◆ Exercise aim: From the data below, return all lines holding the string "computer".

(Stored items from a collection)
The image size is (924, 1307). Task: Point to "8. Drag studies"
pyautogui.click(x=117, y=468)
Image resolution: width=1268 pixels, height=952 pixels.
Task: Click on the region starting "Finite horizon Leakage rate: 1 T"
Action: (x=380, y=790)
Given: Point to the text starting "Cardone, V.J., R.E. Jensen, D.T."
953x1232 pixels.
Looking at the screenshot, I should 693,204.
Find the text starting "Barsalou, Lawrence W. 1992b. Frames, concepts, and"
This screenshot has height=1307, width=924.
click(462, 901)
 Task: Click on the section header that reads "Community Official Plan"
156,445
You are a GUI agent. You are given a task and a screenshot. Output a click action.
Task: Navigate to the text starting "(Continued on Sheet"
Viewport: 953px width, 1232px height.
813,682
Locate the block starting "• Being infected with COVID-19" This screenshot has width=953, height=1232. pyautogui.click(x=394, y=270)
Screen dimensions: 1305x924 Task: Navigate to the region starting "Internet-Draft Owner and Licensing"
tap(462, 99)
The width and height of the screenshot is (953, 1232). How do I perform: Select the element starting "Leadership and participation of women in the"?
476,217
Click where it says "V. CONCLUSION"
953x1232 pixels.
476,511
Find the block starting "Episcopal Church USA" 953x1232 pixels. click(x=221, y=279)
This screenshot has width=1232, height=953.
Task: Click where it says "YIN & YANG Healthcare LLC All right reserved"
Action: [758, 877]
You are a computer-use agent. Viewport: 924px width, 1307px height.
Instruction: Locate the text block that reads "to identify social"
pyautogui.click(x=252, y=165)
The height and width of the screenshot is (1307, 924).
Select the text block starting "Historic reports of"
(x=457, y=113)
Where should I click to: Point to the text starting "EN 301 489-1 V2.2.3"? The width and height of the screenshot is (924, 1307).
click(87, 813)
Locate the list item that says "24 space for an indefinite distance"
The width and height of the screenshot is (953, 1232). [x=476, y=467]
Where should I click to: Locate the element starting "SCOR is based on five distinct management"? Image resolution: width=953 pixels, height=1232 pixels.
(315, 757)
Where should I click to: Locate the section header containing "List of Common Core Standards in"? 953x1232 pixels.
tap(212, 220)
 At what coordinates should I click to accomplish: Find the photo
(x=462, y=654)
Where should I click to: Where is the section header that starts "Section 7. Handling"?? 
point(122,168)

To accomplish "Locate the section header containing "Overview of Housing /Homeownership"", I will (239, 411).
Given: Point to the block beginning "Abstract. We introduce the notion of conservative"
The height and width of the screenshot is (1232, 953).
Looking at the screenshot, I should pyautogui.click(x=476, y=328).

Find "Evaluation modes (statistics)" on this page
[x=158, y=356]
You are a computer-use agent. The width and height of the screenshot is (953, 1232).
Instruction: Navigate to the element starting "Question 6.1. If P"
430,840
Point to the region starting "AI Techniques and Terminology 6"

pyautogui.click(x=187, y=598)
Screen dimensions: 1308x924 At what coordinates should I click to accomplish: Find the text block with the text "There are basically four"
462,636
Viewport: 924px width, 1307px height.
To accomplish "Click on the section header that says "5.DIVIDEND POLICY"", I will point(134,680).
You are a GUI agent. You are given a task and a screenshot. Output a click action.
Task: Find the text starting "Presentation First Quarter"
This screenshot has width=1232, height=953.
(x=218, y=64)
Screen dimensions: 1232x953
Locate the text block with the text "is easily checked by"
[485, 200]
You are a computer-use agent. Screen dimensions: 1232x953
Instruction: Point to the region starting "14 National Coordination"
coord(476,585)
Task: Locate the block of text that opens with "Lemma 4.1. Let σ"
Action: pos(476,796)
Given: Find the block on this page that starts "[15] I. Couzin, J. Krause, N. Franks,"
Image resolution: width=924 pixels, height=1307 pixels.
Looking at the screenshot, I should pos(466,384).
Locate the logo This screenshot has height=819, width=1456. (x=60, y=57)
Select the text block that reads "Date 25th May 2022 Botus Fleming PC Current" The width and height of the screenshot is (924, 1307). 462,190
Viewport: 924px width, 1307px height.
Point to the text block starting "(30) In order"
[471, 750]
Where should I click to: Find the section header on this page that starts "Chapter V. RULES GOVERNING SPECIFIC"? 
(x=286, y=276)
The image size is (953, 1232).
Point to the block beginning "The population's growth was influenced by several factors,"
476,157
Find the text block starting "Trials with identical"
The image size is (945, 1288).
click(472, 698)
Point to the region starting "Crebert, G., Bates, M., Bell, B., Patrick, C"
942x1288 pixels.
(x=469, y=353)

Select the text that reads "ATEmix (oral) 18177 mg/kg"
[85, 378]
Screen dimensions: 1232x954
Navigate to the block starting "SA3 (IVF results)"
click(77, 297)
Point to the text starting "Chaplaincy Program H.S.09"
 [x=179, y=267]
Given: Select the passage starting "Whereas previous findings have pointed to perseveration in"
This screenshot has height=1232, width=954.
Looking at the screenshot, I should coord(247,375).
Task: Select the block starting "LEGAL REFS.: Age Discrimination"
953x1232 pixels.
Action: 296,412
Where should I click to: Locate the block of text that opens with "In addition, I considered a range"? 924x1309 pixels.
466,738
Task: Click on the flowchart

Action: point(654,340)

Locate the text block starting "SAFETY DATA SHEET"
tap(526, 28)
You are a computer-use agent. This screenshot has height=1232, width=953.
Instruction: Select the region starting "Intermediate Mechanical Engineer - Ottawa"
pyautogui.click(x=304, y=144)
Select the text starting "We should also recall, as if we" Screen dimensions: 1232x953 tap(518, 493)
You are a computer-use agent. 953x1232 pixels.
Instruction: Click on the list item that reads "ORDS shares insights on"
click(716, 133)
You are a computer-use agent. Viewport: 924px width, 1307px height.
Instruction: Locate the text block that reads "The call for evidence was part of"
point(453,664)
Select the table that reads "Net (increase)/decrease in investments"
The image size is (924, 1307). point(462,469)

◆ Result below:
You are a computer-use agent. Viewport: 924px width, 1307px height.
You are a computer-use agent. The width and height of the screenshot is (953, 1232).
You are a computer-use agent. Screen dimensions: 1232x953
You are a computer-use agent. This screenshot has height=1232, width=953.
You are a computer-use agent. 953x1232 pixels.
You are a computer-use agent. Viewport: 924px width, 1307px height.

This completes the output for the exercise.